These operations are planned to move ahead under the business rescue process.
In a Sens statement the JSE-listed company – which is currently suspended from trading due to a delay in publishing its latest financials – said that its debt levels are well in excess of what it can service after business recapitalisation plans took longer than expected.
Botswana, Mozambique and Zimbabwe sugar operations will be exempt from the rescue process as they remain financially sound. These three businesses are funded independently from the company and should be largely unaffected by the adverse circumstances affecting the company.
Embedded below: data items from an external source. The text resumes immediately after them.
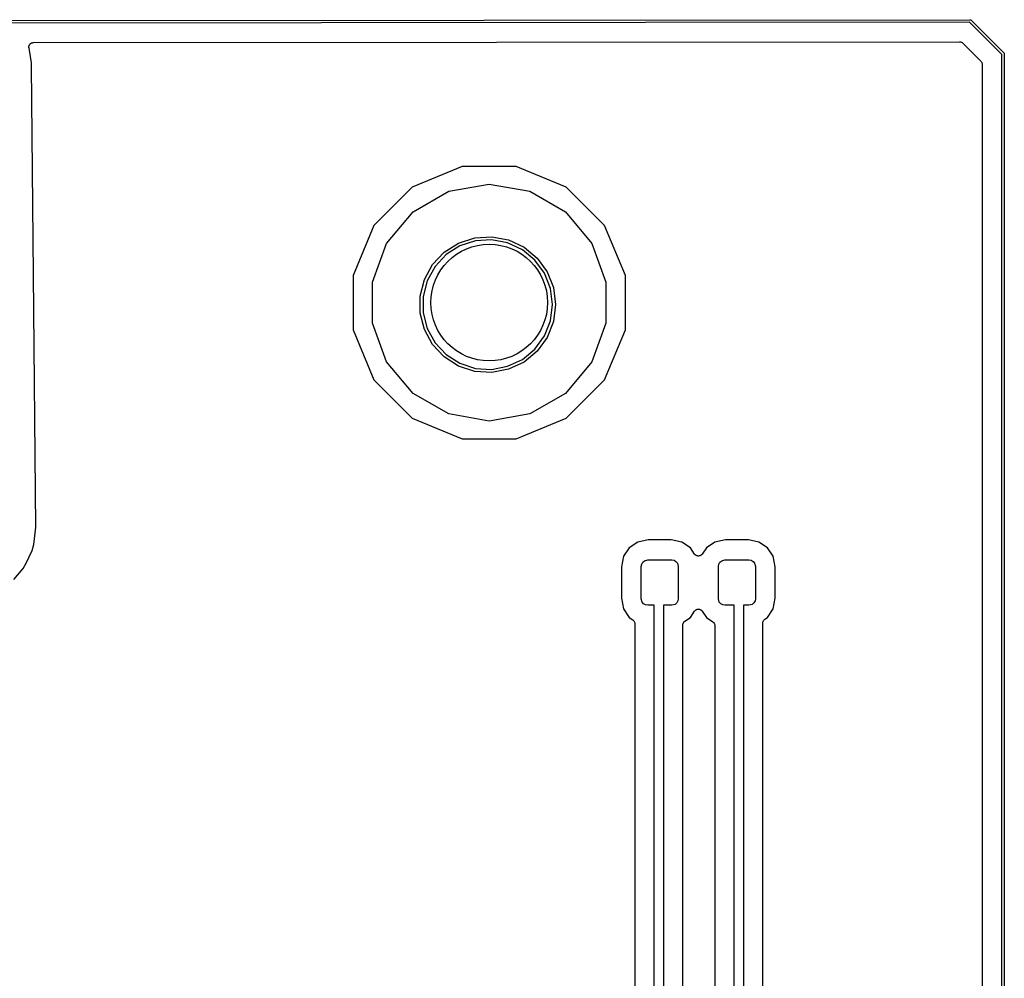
# Model space of a CAD drawing. Extents: x 81 to 161, y -172 to -32.
# Tile 9 of 9: x 123 to 161, y -69 to -32. Entities that reach past the tile are written whole.
import ezdxf

# ---------------------------------------------------------------- set-up
doc = ezdxf.new("R2010")
doc.units = 0
doc.header["$MEASUREMENT"] = 0
doc.layers.add('BLACK', color=7, linetype='CONTINUOUS')

msp = doc.modelspace()

# ---------------------------------------------------------------- linework, layer by layer
at = {"layer": 'BLACK', "linetype": 'CONTINUOUS'}
for p, q in [((82.8062, -31.954), (160.081, -31.8905)), ((160.081, -31.8905), (160.088, -31.8899)), ((160.088, -31.8899), (160.094, -31.8916)), ((160.094, -31.8916), (160.101, -31.8928)), ((160.101, -31.8928), (160.103, -31.8939)), ((160.063, -31.9905), (82.8247, -32.054)), ((161.303, -33.2312), (160.063, -31.9905)), ((160.103, -31.8939), (160.105, -31.8945)), ((160.105, -31.8945), (160.11, -31.8983)), ((160.11, -31.8983), (160.116, -31.9016)), ((160.116, -31.9016), (160.12, -31.9067)), ((160.12, -31.9067), (161.387, -33.1736)), ((123.792, -32.9313), (123.794, -32.9232)), ((123.794, -32.9534), (123.792, -32.9313)), ((123.794, -32.9149), (123.802, -32.894)), ((123.794, -32.9232), (123.794, -32.9149)), ((123.794, -32.9757), (123.794, -32.9534)), ((123.797, -32.9835), (123.794, -32.9757)), ((123.798, -32.9918), (123.797, -32.9835)), ((123.817, -33.0612), (123.798, -32.9918)), ((123.802, -32.894), (123.807, -32.8724)), ((123.807, -32.8724), (123.812, -32.8656)), ((123.812, -32.8656), (123.815, -32.8578)), ((123.815, -32.8578), (123.829, -32.8407)), ((123.829, -32.8407), (123.842, -32.8224)), ((123.842, -32.8224), (123.849, -32.8176)), ((123.849, -32.8176), (123.854, -32.8112)), ((123.854, -32.8112), (123.873, -32.8001)), ((123.873, -32.8001), (123.891, -32.7871)), ((123.891, -32.7871), (123.899, -32.7849)), ((123.899, -32.7849), (123.906, -32.7808)), ((123.906, -32.7808), (123.928, -32.7769)), ((123.928, -32.7769), (123.95, -32.771)), ((123.95, -32.771), (123.958, -32.7716)), ((123.958, -32.7716), (123.966, -32.7702)), ((123.966, -32.7702), (159.68, -32.7408)), ((159.68, -32.7408), (159.687, -32.7422)), ((159.687, -32.7422), (159.695, -32.7415)), ((159.695, -32.7415), (159.717, -32.7474)), ((159.717, -32.7474), (159.74, -32.7513)), ((159.74, -32.7513), (159.746, -32.7552)), ((159.746, -32.7552), (159.754, -32.7572)), ((159.754, -32.7572), (159.773, -32.7703)), ((159.773, -32.7703), (159.792, -32.7817)), ((159.792, -32.7817), (159.797, -32.7876)), ((159.797, -32.7876), (159.804, -32.7921)), ((159.804, -32.7921), (160.502, -33.4906)), ((123.887, -33.5583), (123.817, -33.0612)), ((161.304, -170.794), (161.303, -33.2312)), ((161.387, -33.1736), (161.392, -33.1779)), ((161.392, -33.1779), (161.396, -33.1836)), ((161.396, -33.1836), (161.4, -33.189)), ((161.4, -33.189), (161.4, -33.1912)), ((161.4, -33.1912), (161.401, -33.1931)), ((161.401, -33.1931), (161.402, -33.1997)), ((161.402, -33.1997), (161.404, -33.2061)), ((161.404, -33.2061), (161.403, -33.2127)), ((161.403, -33.2127), (161.403, -170.813)), ((123.895, -33.6669), (123.887, -33.5583)), ((123.969, -41.7215), (123.895, -33.6669)), ((160.502, -33.4906), (160.507, -33.4969)), ((160.507, -33.4969), (160.513, -33.5019)), ((160.513, -33.5019), (160.524, -33.5217)), ((160.524, -33.5217), (160.537, -33.5404)), ((160.537, -33.5404), (160.539, -33.5478)), ((160.539, -33.5478), (160.543, -33.5545)), ((160.543, -33.5545), (160.547, -33.577)), ((160.547, -33.577), (160.553, -33.5991)), ((160.553, -33.5991), (160.552, -33.6068)), ((160.552, -33.6068), (160.553, -33.6144)), ((160.553, -33.6144), (160.554, -170.411)), ((140.497, -37.549), (138.568, -38.3483)), ((142.586, -37.549), (140.497, -37.549)), ((144.515, -38.3483), (142.586, -37.549)), ((139.979, -38.5052), (141.541, -38.2296)), ((141.541, -38.2296), (143.104, -38.5052)), ((138.568, -38.3483), (137.091, -39.8251)), ((138.604, -39.2986), (139.979, -38.5052)), ((143.104, -38.5052), (144.479, -39.2986)), ((145.992, -39.8251), (144.515, -38.3483)), ((137.584, -40.5143), (138.604, -39.2986)), ((144.479, -39.2986), (145.499, -40.5143)), ((137.091, -39.8251), (136.291, -41.7547)), ((146.791, -41.7547), (145.992, -39.8251)), ((137.041, -42.0055), (137.584, -40.5143)), ((139.806, -40.8544), (140.361, -40.5021)), ((140.412, -40.6107), (139.883, -40.9468)), ((140.361, -40.5021), (140.987, -40.299)), ((141.009, -40.4168), (140.412, -40.6107)), ((140.987, -40.299), (141.643, -40.2577)), ((141.635, -40.3774), (141.009, -40.4168)), ((142.251, -40.495), (141.635, -40.3774)), ((141.643, -40.2577), (142.288, -40.3809)), ((142.819, -40.7621), (142.251, -40.495)), ((142.288, -40.3809), (142.883, -40.6608)), ((145.499, -40.5143), (146.041, -42.0055)), ((139.356, -41.3336), (139.806, -40.8544)), ((139.883, -40.9468), (139.453, -41.4041)), ((143.302, -41.162), (142.819, -40.7621)), ((142.883, -40.6608), (143.39, -41.0798)), ((139.04, -41.9097), (139.356, -41.3336)), ((143.671, -41.6695), (143.302, -41.162)), ((143.39, -41.0798), (143.776, -41.6117)), ((124.059, -51.4608), (123.969, -41.7215)), ((136.291, -41.7547), (136.291, -43.8433)), ((139.453, -41.4041), (139.151, -41.9539)), ((143.902, -42.2528), (143.671, -41.6695)), ((143.776, -41.6117), (144.018, -42.2229)), ((146.791, -43.8433), (146.791, -41.7547)), ((137.041, -43.5925), (137.041, -42.0055)), ((138.876, -42.5465), (139.04, -41.9097)), ((139.151, -41.9539), (138.995, -42.5615)), ((146.041, -42.0055), (146.041, -43.5925)), ((143.981, -42.8752), (143.902, -42.2528)), ((144.018, -42.2229), (144.101, -42.8752)), ((138.876, -43.2039), (138.876, -42.5465)), ((138.995, -42.5615), (138.995, -43.1888)), ((143.902, -43.4976), (143.981, -42.8752)), ((144.101, -42.8752), (144.018, -43.5274)), ((139.04, -43.8406), (138.876, -43.2039)), ((138.995, -43.1888), (139.151, -43.7965)), ((137.584, -45.0837), (137.041, -43.5925)), ((143.671, -44.0808), (143.902, -43.4976)), ((144.018, -43.5274), (143.776, -44.1386)), ((146.041, -43.5925), (145.499, -45.0837)), ((136.291, -43.8433), (137.091, -45.7729)), ((139.356, -44.4167), (139.04, -43.8406)), ((139.151, -43.7965), (139.453, -44.3462)), ((145.992, -45.7729), (146.791, -43.8433)), ((139.806, -44.896), (139.356, -44.4167)), ((139.453, -44.3462), (139.883, -44.8035)), ((143.302, -44.5884), (143.671, -44.0808)), ((143.776, -44.1386), (143.39, -44.6705)), ((142.819, -44.9882), (143.302, -44.5884)), ((143.39, -44.6705), (142.883, -45.0896)), ((138.604, -46.2994), (137.584, -45.0837)), ((140.361, -45.2482), (139.806, -44.896)), ((139.883, -44.8035), (140.412, -45.1396)), ((140.412, -45.1396), (141.009, -45.3335)), ((142.251, -45.2553), (142.819, -44.9882)), ((142.883, -45.0896), (142.288, -45.3695)), ((145.499, -45.0837), (144.479, -46.2994)), ((140.987, -45.4514), (140.361, -45.2482)), ((141.643, -45.4927), (140.987, -45.4514)), ((141.009, -45.3335), (141.635, -45.3729)), ((141.635, -45.3729), (142.251, -45.2553)), ((142.288, -45.3695), (141.643, -45.4927)), ((137.091, -45.7729), (138.568, -47.2497)), ((144.515, -47.2497), (145.992, -45.7729)), ((139.979, -47.0928), (138.604, -46.2994)), ((144.479, -46.2994), (143.104, -47.0928)), ((138.568, -47.2497), (140.497, -48.049)), ((141.541, -47.3684), (139.979, -47.0928)), ((143.104, -47.0928), (141.541, -47.3684)), ((142.586, -48.049), (144.515, -47.2497)), ((140.497, -48.049), (142.586, -48.049)), ((123.978, -52.1258), (124.051, -51.58)), ((124.051, -51.58), (124.059, -51.4608)), ((147.673, -51.9509), (147.268, -52.0315)), ((148.564, -51.9509), (147.673, -51.9509)), ((148.969, -52.0315), (148.564, -51.9509)), ((150.648, -51.9509), (150.243, -52.0315)), ((151.539, -51.9509), (150.648, -51.9509)), ((151.944, -52.0315), (151.539, -51.9509)), ((123.691, -52.8522), (123.913, -52.355)), ((123.913, -52.355), (123.978, -52.1258)), ((146.939, -52.2515), (146.719, -52.5807)), ((147.268, -52.0315), (146.939, -52.2515)), ((149.298, -52.2515), (148.969, -52.0315)), ((149.46, -52.4939), (149.298, -52.2515)), ((149.914, -52.2515), (149.752, -52.4939)), ((150.243, -52.0315), (149.914, -52.2515)), ((152.273, -52.2515), (151.944, -52.0315)), ((152.493, -52.5807), (152.273, -52.2515)), ((146.719, -52.5807), (146.638, -52.9862)), ((147.464, -52.8083), (147.531, -52.7525)), ((147.531, -52.7525), (147.656, -52.719)), ((147.656, -52.719), (148.581, -52.719)), ((148.581, -52.719), (148.667, -52.7341)), ((148.667, -52.7341), (148.742, -52.7775)), ((149.474, -52.5077), (149.46, -52.4939)), ((149.485, -52.5231), (149.474, -52.5077)), ((149.495, -52.5295), (149.485, -52.5231)), ((149.503, -52.5379), (149.495, -52.5295)), ((149.52, -52.5463), (149.503, -52.5379)), ((149.536, -52.5569), (149.52, -52.5463)), ((149.547, -52.5596), (149.536, -52.5569)), ((149.557, -52.5647), (149.547, -52.5596)), ((149.576, -52.5668), (149.557, -52.5647)), ((149.595, -52.5713), (149.576, -52.5668)), ((149.606, -52.5701), (149.595, -52.5713)), ((149.617, -52.5713), (149.606, -52.5701)), ((149.636, -52.5668), (149.617, -52.5713)), ((149.655, -52.5647), (149.636, -52.5668)), ((149.665, -52.5596), (149.655, -52.5647)), ((149.676, -52.5569), (149.665, -52.5596)), ((149.692, -52.5463), (149.676, -52.5569)), ((149.709, -52.5379), (149.692, -52.5463)), ((149.717, -52.5295), (149.709, -52.5379)), ((149.727, -52.5231), (149.717, -52.5295)), ((149.738, -52.5077), (149.727, -52.5231)), ((149.752, -52.4939), (149.738, -52.5077)), ((150.439, -52.8083), (150.506, -52.7525)), ((150.506, -52.7525), (150.631, -52.719)), ((150.631, -52.719), (151.556, -52.719)), ((151.556, -52.719), (151.642, -52.7341)), ((151.642, -52.7341), (151.717, -52.7775)), ((152.574, -52.9862), (152.493, -52.5807)), ((123.207, -53.4732), (123.564, -53.0539)), ((123.564, -53.0539), (123.691, -52.8522)), ((146.638, -52.9862), (146.638, -54.2018)), ((147.406, -52.969), (147.421, -52.8835)), ((147.406, -54.219), (147.406, -52.969)), ((147.421, -52.8835), (147.464, -52.8083)), ((148.742, -52.7775), (148.798, -52.844)), ((148.798, -52.844), (148.831, -52.969)), ((148.831, -52.969), (148.831, -54.219)), ((150.381, -52.969), (150.396, -52.8835)), ((150.381, -54.219), (150.381, -52.969)), ((150.396, -52.8835), (150.439, -52.8083)), ((151.717, -52.7775), (151.773, -52.844)), ((151.773, -52.844), (151.806, -52.969)), ((151.806, -52.969), (151.806, -54.219)), ((152.574, -54.2018), (152.574, -52.9862)), ((146.638, -54.2018), (146.719, -54.6073)), ((147.439, -54.344), (147.406, -54.219)), ((148.831, -54.219), (148.816, -54.3045)), ((150.414, -54.344), (150.381, -54.219)), ((151.806, -54.219), (151.791, -54.3045)), ((152.493, -54.6073), (152.574, -54.2018)), ((146.719, -54.6073), (146.939, -54.9365)), ((147.495, -54.4105), (147.439, -54.344)), ((147.57, -54.4539), (147.495, -54.4105)), ((147.656, -54.469), (147.57, -54.4539)), ((147.907, -54.469), (147.656, -54.469)), ((147.907, -95.1543), (147.907, -54.469)), ((148.581, -54.469), (148.257, -54.469)), ((148.257, -54.469), (148.257, -95.1543)), ((148.706, -54.4355), (148.581, -54.469)), ((148.773, -54.3797), (148.706, -54.4355)), ((148.816, -54.3045), (148.773, -54.3797)), ((149.474, -54.6803), (149.485, -54.6649)), ((149.485, -54.6649), (149.495, -54.6585)), ((149.495, -54.6585), (149.503, -54.6501)), ((149.503, -54.6501), (149.52, -54.6417)), ((149.52, -54.6417), (149.536, -54.6311)), ((149.536, -54.6311), (149.547, -54.6284)), ((149.547, -54.6284), (149.557, -54.6233)), ((149.557, -54.6233), (149.576, -54.6212)), ((149.576, -54.6212), (149.595, -54.6167)), ((149.595, -54.6167), (149.606, -54.6179)), ((149.606, -54.6179), (149.617, -54.6167)), ((149.617, -54.6167), (149.636, -54.6212)), ((149.636, -54.6212), (149.655, -54.6233)), ((149.655, -54.6233), (149.665, -54.6284)), ((149.665, -54.6284), (149.676, -54.6311)), ((149.676, -54.6311), (149.692, -54.6417)), ((149.692, -54.6417), (149.709, -54.6501)), ((149.709, -54.6501), (149.717, -54.6585)), ((149.717, -54.6585), (149.727, -54.6649)), ((149.727, -54.6649), (149.738, -54.6803)), ((150.47, -54.4105), (150.414, -54.344)), ((150.545, -54.4539), (150.47, -54.4105)), ((150.631, -54.469), (150.545, -54.4539)), ((150.992, -54.469), (150.631, -54.469)), ((150.992, -81.7511), (150.992, -54.469)), ((151.556, -54.469), (151.341, -54.469)), ((151.341, -54.469), (151.341, -81.7367)), ((151.681, -54.4355), (151.556, -54.469)), ((151.748, -54.3797), (151.681, -54.4355)), ((151.791, -54.3045), (151.748, -54.3797)), ((152.273, -54.9365), (152.493, -54.6073)), ((146.939, -54.9365), (147.079, -55.0305)), ((147.079, -55.0305), (147.097, -55.0476)), ((147.097, -55.0476), (147.116, -55.0635)), ((149.085, -55.0793), (149.298, -54.9365)), ((149.298, -54.9365), (149.46, -54.6941)), ((149.46, -54.6941), (149.474, -54.6803)), ((149.738, -54.6803), (149.752, -54.6941)), ((149.752, -54.6941), (149.914, -54.9365)), ((149.914, -54.9365), (150.164, -55.1037)), ((152.114, -55.0704), (152.125, -55.0482)), ((152.125, -55.0482), (152.13, -55.0442)), ((152.13, -55.0442), (152.132, -55.0392)), ((152.132, -55.0392), (152.151, -55.0232)), ((152.151, -55.0232), (152.169, -55.0061)), ((152.169, -55.0061), (152.273, -54.9365)), ((147.116, -55.0635), (147.119, -55.0686)), ((147.119, -55.0686), (147.123, -55.0726)), ((147.123, -55.0726), (147.134, -55.0947)), ((147.134, -55.0947), (147.146, -55.1162)), ((147.146, -55.1162), (147.147, -55.1219)), ((147.147, -55.1219), (147.15, -55.1271)), ((147.15, -55.1271), (147.153, -55.1517)), ((147.153, -55.1517), (147.157, -55.176)), ((147.157, -55.176), (147.157, -94.6162)), ((149.007, -55.2248), (149.011, -55.2004)), ((149.007, -94.6162), (149.007, -55.2248)), ((149.011, -55.2004), (149.014, -55.1758)), ((149.014, -55.1758), (149.017, -55.1706)), ((149.017, -55.1706), (149.018, -55.165)), ((149.018, -55.165), (149.03, -55.1435)), ((149.03, -55.1435), (149.041, -55.1213)), ((149.041, -55.1213), (149.045, -55.1173)), ((149.045, -55.1173), (149.048, -55.1123)), ((149.048, -55.1123), (149.067, -55.0964)), ((149.067, -55.0964), (149.085, -55.0793)), ((150.164, -55.1037), (150.182, -55.1208)), ((150.182, -55.1208), (150.201, -55.1367)), ((150.201, -55.1367), (150.203, -55.1417)), ((150.203, -55.1417), (150.208, -55.1457)), ((150.208, -55.1457), (150.219, -55.1679)), ((150.219, -55.1679), (150.231, -55.1893)), ((150.231, -55.1893), (150.232, -55.195)), ((150.232, -55.195), (150.235, -55.2002)), ((150.235, -55.2002), (150.237, -55.2248)), ((150.237, -55.2248), (150.242, -55.2492)), ((150.242, -55.2492), (150.242, -81.7483)), ((152.091, -55.1516), (152.096, -55.1273)), ((152.091, -81.6465), (152.091, -55.1516)), ((152.096, -55.1273), (152.098, -55.1027)), ((152.098, -55.1027), (152.101, -55.0975)), ((152.101, -55.0975), (152.102, -55.0918)), ((152.102, -55.0918), (152.114, -55.0704))]:
    msp.add_line(p, q, dxfattribs=at)
at = {"layer": 'BLACK'}
msp.add_circle((141.541, -42.799), 2.25, dxfattribs=at)
msp.add_circle((141.541, -42.799), 2.25, dxfattribs=at)

doc.saveas('drawing.dxf')

This is according to the group.
Tongaat has faced significant challenges following years of high and increasing debt levels, alleged financial misstatements and historic mismanagement under previous leadership.
The new leadership team and board have worked since 2019 on delivering a turnaround strategy. Good progress was made on a variety of fronts, including realising cost savings and improving available funding. Debt, specifically, has been reduced by more than R6.6bn from a high of R11.7bn.
Despite the good progress, there is a shortfall in the company’s working capital facilities of approximately R1.5bn, largely driven by the impact of Covid-19 and the recent unrest in KwaZulu-Natal. This shortfall is necessary to fund the peak working capital requirements to complete the 2023 financial year.
The South African lender group has informed the company that they will not be able to continue supporting the company with additional funding in South Africa.
Without this funding, the board concluded that Tongaat is, or would be, facing "financial distress", as defined by the Companies Act and that the South African operations are no longer financially sustainable without further liquidity.
The board resolution and a sworn affidavit stating the reasons for going into business rescue have been filed with the Companies and Intellectual Property Commission (CIPC), with the finalisation of their processes in development.
Peter Van den Steen, Trevor Murgatroyd and Gerhard Albertyn of Metis Strategic Advisors will be appointed as the business rescue practitioners.
Tongaat CEO Gavin Hudson says: "Although this is not the outcome we were hoping for, the start of business rescue is not the end for Tongaat Hulett’s South African operations. Business rescue provides a legal framework that allows business rescue practitioners to work with key stakeholders to find optimal solutions to our financial difficulties.
"Tongaat has a proud 130-year legacy and is a significant player in agriculture in South Africa. We have dedicated people working very hard to find the best way forward, and the leadership team is committed to working closely with the business rescue practitioners to ensure a successful outcome to the restructuring of the company that protects those associated with Tongaat."
While the company has interest from both existing shareholders and potential new equity investors to support the recapitalisation and retain its existing operating footprint, no one has been able to provide the total funds required within the time needed to do so.